Does it matter, to the basic point that the second one is the one to worry about and that the first one does not even
necessarily reflect poorly on the Catholic Church?
Without knowing what the relevance may be, it is hard to respond meaningfully. To give an example, hopefully relevant, Denis Hart the Archbichop of Melbourne recently not only faced a Parliamentary enquiry investigating this allegation, but
apparently admitted that it had at least some validity.
But how on earth do you judge that without a sensible comparison, ideally from a single dataset that covers both groups and gives results based on the same definitions?
InSearchofGrace’s favorite hobby-horse gives an excellent example of what I would like to see in the case of allegations against Catholic priests. (Or Arabs, or immigrants or any group accused of being more likely to abuse children) In the case of homosexuality, there
have been studies that investigated this using the same standard for judging all the groups involved. e.g.:
Jenny, C., Roesler, T. A., & Poyer, K. L. (1994). Are children at risk for sexual abuse by homosexuals? Pediatrics, 94(1), 41-44
Groth, A.N., & Birnbaum, H.J. (1978). Adult sexual orientation and attraction to underage persons. Archives of Sexual Behavior, 7 (3), 175-181
Freund, K., Watson, R., & Rienzo, D. (1989). Heterosexuality, homosexuality, and erotic age preference. The Journal of Sex Research, 26 (1), 107-117.
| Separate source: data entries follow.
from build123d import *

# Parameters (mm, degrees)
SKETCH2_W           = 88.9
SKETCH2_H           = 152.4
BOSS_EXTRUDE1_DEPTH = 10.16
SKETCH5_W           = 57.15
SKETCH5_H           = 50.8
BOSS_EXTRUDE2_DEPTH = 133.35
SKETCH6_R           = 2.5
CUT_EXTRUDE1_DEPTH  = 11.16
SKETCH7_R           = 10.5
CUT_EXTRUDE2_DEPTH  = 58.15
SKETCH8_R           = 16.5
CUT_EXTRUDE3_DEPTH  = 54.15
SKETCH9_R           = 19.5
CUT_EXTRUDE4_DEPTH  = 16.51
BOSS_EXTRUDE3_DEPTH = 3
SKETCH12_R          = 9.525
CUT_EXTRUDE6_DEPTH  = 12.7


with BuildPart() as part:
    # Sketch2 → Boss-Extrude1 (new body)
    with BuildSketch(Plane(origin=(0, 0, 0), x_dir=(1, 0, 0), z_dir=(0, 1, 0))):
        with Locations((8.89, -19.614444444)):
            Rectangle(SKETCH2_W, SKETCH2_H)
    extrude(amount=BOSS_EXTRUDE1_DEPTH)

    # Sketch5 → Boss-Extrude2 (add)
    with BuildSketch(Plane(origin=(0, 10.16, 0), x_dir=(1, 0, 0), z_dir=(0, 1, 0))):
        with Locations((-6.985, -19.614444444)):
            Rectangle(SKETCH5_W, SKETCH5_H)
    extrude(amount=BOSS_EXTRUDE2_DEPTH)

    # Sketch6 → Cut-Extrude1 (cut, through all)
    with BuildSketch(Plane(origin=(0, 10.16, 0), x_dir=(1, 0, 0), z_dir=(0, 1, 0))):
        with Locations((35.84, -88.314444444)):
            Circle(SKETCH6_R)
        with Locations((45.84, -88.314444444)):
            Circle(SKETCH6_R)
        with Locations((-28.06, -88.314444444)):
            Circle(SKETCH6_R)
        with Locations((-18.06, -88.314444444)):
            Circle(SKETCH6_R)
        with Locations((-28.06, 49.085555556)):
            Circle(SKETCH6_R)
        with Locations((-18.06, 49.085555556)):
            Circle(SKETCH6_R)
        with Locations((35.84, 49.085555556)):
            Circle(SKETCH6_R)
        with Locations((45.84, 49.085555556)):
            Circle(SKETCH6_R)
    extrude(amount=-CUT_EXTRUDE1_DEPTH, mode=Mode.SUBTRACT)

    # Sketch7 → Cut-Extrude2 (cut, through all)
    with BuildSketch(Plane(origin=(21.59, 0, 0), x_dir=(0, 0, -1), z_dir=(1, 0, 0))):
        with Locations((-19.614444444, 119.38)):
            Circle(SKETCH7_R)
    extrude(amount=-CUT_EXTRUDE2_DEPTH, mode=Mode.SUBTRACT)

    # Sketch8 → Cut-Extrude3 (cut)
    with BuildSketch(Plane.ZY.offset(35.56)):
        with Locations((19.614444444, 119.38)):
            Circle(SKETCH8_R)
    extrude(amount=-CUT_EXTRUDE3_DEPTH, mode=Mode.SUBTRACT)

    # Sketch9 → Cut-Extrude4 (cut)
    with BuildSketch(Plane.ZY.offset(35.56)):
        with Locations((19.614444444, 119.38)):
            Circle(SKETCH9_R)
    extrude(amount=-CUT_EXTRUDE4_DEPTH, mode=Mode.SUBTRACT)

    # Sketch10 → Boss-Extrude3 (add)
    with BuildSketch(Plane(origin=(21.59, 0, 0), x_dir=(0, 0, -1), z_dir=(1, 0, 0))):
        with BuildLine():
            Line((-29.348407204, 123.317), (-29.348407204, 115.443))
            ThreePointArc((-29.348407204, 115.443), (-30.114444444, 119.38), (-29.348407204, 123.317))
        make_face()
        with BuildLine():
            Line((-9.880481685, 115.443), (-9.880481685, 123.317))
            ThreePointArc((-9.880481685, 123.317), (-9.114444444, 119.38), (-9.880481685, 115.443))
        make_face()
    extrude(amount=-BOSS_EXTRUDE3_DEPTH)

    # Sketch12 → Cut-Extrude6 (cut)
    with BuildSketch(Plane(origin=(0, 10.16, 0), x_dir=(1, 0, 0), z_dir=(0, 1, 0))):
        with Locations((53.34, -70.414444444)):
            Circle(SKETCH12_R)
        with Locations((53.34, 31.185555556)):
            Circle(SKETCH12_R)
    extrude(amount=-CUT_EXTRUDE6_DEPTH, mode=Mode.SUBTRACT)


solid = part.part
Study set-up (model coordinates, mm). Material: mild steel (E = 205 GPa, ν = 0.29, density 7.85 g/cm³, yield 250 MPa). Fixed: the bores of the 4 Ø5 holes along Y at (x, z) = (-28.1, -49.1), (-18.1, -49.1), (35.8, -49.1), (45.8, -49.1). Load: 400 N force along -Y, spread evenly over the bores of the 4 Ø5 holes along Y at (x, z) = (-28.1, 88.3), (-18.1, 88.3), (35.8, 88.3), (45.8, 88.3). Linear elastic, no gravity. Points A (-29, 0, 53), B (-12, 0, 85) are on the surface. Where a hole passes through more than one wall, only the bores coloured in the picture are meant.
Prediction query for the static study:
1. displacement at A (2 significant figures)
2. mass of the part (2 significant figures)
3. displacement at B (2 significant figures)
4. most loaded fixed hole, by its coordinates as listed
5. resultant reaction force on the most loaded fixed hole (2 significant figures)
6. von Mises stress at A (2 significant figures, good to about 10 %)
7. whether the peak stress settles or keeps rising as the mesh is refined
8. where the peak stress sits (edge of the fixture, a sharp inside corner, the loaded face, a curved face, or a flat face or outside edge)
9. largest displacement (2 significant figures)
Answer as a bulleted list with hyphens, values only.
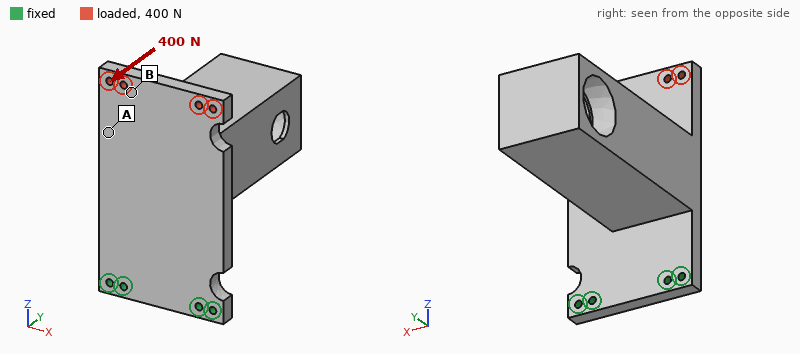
- 0.13 mm
- 3.7 kg
- 0.19 mm
- (-18.1, -49.1)
- 170 N
- 10 MPa
- keeps rising
- edge of the fixture
- 0.26 mm
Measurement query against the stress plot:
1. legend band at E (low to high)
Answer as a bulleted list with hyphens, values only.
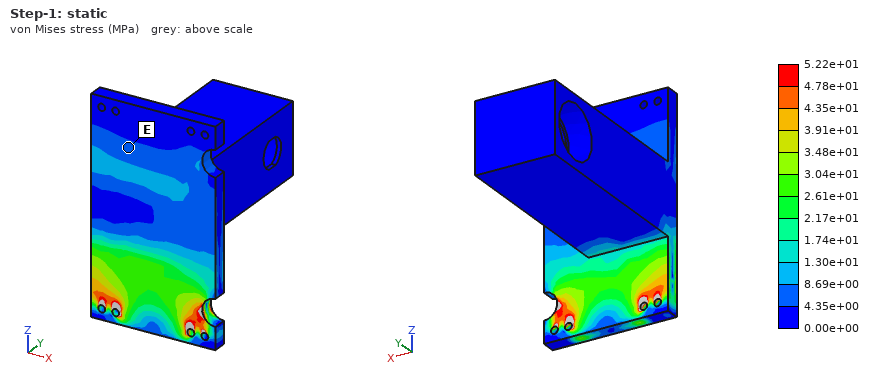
- 4.35e+00 to 8.69e+00 MPa
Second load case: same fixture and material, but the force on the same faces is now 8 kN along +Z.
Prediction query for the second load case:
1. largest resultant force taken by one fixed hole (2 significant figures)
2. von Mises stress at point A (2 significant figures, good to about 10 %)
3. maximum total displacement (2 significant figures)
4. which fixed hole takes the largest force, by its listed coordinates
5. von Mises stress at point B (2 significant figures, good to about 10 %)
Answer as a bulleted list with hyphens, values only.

- 3.1 kN
- 11 MPa
- 15 µm
- (35.8, -49.1)
- 15 MPa
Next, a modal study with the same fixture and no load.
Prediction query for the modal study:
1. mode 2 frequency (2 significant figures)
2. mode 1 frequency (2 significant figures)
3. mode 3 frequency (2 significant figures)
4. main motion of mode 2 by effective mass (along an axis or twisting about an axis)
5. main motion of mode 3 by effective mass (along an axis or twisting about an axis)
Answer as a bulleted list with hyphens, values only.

- 390 Hz
- 170 Hz
- 1100 Hz
- along X
- along Y

Freund et al tested random adults for whether or not they ‘reacted’ (hem hem) to images of children, and found no difference between homosexuals and heterosexuals.
Jenny et al looked at criminal records and found that fewer than 1% of child abuse cases were perpetrated by homosexuals.
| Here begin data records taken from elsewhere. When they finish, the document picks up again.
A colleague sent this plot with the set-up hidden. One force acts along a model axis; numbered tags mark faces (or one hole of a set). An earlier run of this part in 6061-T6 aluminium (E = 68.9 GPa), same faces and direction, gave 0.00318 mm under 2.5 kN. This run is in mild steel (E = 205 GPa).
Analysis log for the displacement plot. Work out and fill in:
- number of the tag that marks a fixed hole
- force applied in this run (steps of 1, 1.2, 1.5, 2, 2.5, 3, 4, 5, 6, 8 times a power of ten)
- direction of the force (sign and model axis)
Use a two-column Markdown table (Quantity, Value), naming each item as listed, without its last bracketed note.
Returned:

Groth et al looked at 175 randomly selected male child abusers and found
not one case that was perpetrated by a gay man. (Not that unlikely if you accept Jenny’s figure of fewer than 1% of child molesters being gay, but it does add support to that figure)
And yet some of the same people who on this forum object to Catholic priests being labelled as more likely to molest children are happy to spread the same allegation against homosexuals, without evidence, and
noone has spoken out against it.
The golden rule applies. If you object to this allegation being made against you based on slim evidence, you cannot reasonable go around making it against others on no evidence whatsoever.